Where I work in VFX (RSP) we have an ML department and a lot of what they do is about replacing things in footage (face replacement onto double-actors, de-ageing and so on). What they achieve (that brings significant value) seems fairly adjacent to the tech in the article. Our ML crew have the benefit of a strong compositing department (and other support) that can help integrate the results nicely and smooth over any rough edges. The ML team were nominated for a VES award for their work on Furiosa recently!
If this has anything close to usable rigging data (from what I briefly read, it doesn't seem to), this would be a cheap pipeline for generating animations for real time applications out of video references.
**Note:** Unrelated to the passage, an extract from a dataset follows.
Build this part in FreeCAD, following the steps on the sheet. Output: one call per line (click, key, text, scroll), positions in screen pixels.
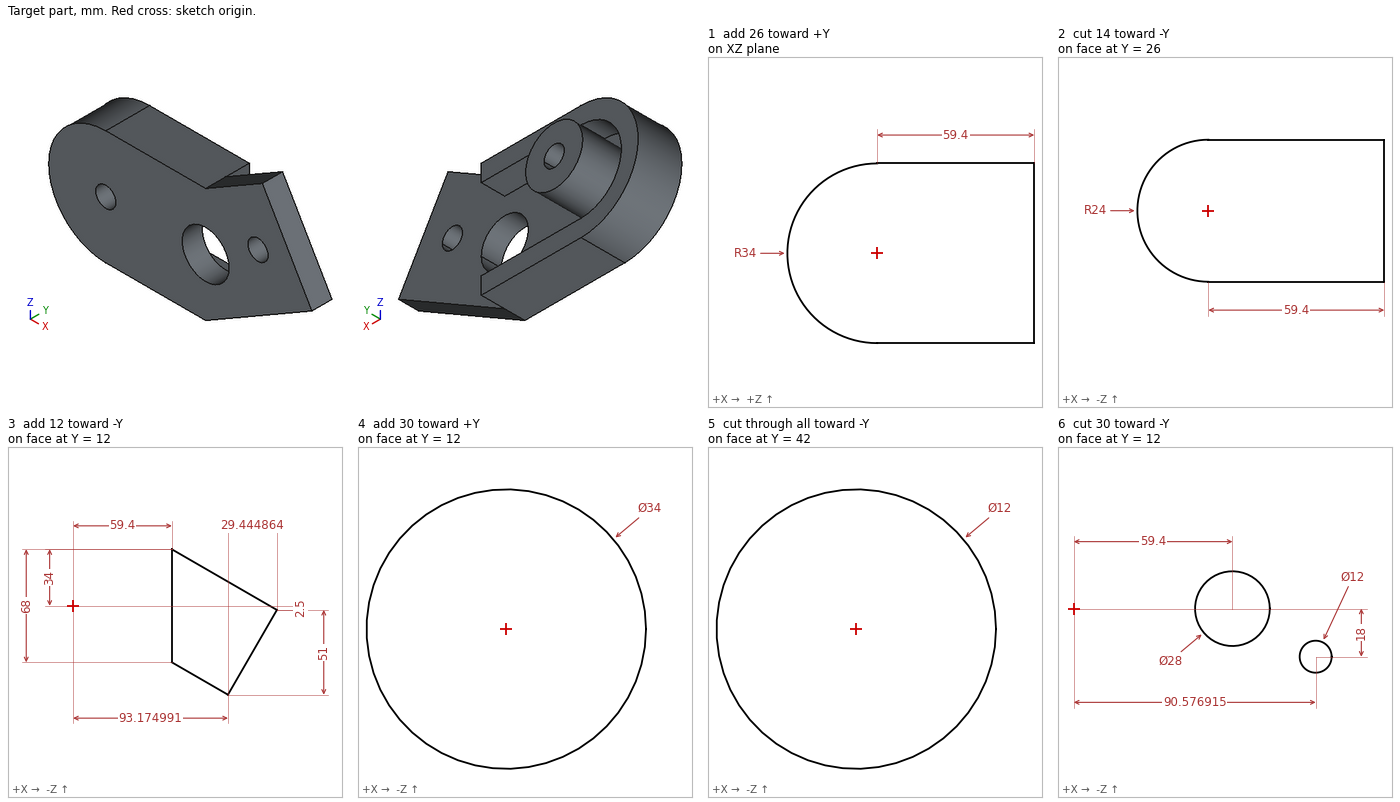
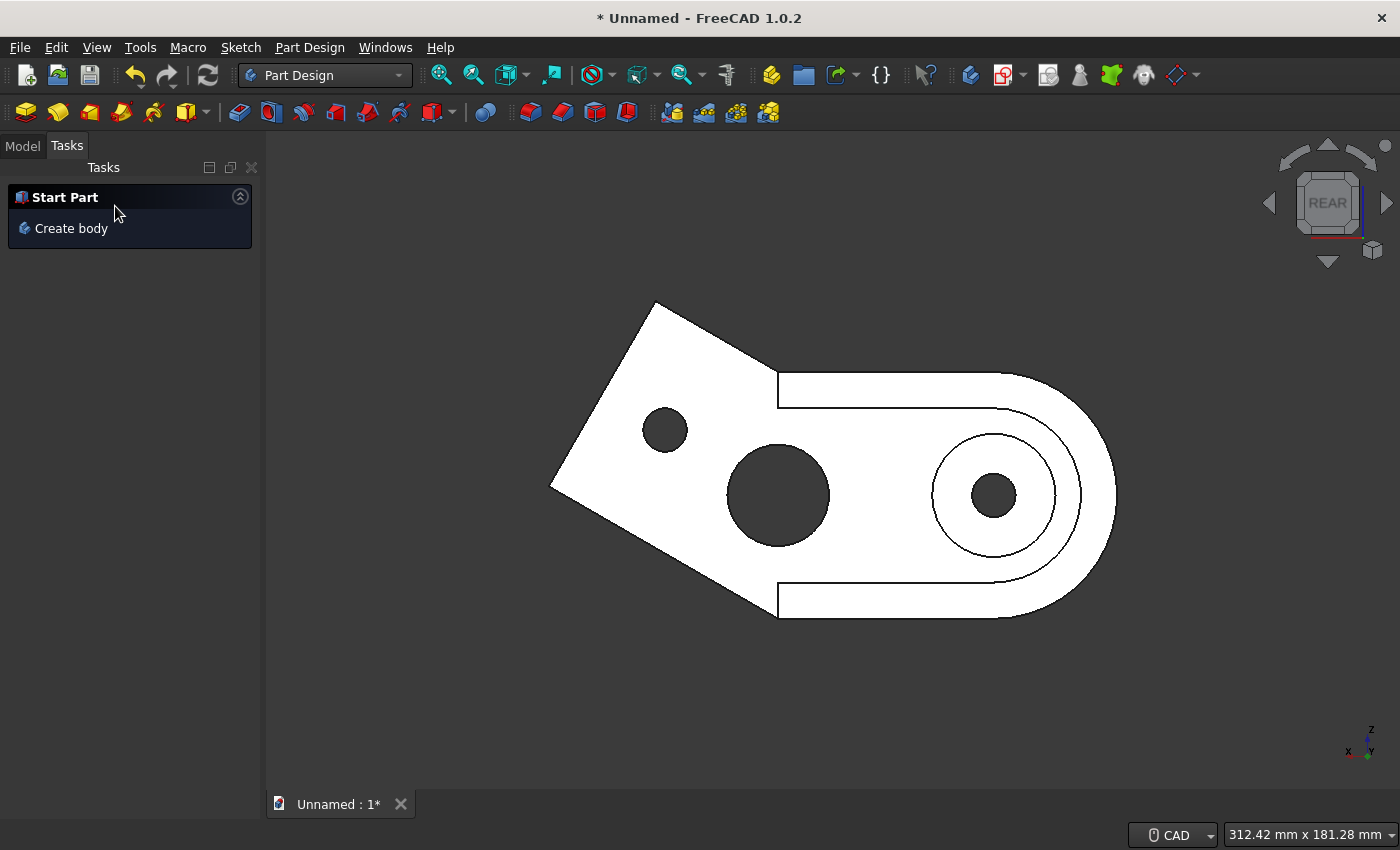
key(0)

As it is, it seems like it might help for video editing and VFX. Being able to isolate out a human being lets you do all sorts of editing with less issues that can then be composited over later for a final shot.
100% of the capability could be absorbed by YouTubers looking to improve engagement (read: profit) with more interesting visuals. Since they have a bottomless need for that, this would get widely used within days of a commercial release.
Since we live in a social media age, anything that looks "really cool" has basically immediate commercial applications. Even that phrase should set alarm bells off.
Even though the examples have a clear green-screen effect, I would think some of the tricks/filters they used in old video games to make them look "realistic/cinematic" could work here, then advertisers would be able to plug in a picture of a model wearing their latest outfit to a stock video for social media and digital ads.
Memes, people will use it for the memes. I saw the NBA footage and yes, i want a gif of me posterizing Ben Simmons.
Catfishing
Convincing older people that their children/relatives are in jail/hospital/kidnapped and need money
Disinformation/chaos by faking important speeches by politicians
Fake celebrity endorsements of products and causes
Rewriting historical events with "newly uncovered" footage
Other creative ways of ripping people off and lying
> Disinformation/chaos by faking important speeches by politicians
I do wonder what the end game here would be. A race to the bottom where any televised speech is brought into question. I wonder if that would destabilize all power bases to the point that people will finally look at the actions of their politicians rather than their words. Wishful thinking perhaps.
Unreleased models should not be treated as interesting
I really wouldn't use Donald Trump as an example character model...
Because that scary state that you read about in dystopian novels and hear about in dystopian histories is a state that Americans live in at the moment. We are all actually people that are living in an important moment, and should be aware of Normalcy Bias.
My guess is that it would cause people like myself who intensely dislike him to avoid your technology because of the association.
If I don't like it, I won't show it to my boss, he won't see it, and our company won't use your technology.
Same could be said for showing Hillary Clinton or Kamala Harris for the other side, or Putin or Kim Jong Un or Mohammad and Jesus
A smart tactic would be to avoid sensitive figures in general if your goal is to have your technology adopted by a wide audience.
I never thought americans were this weak and pathetic. Y'all always screamed about "muh guns" and stuff like that, but now... You're just sitting idly while your new king takes over, even discouraging others to do anything that may upset your supreme ruler?
So I guess we're just about 2 or 3 iterations away from no longer being able to trust video as evidence in a courtroom. Just gotta fix the lighting and facial issues and bam! Precedent will be set.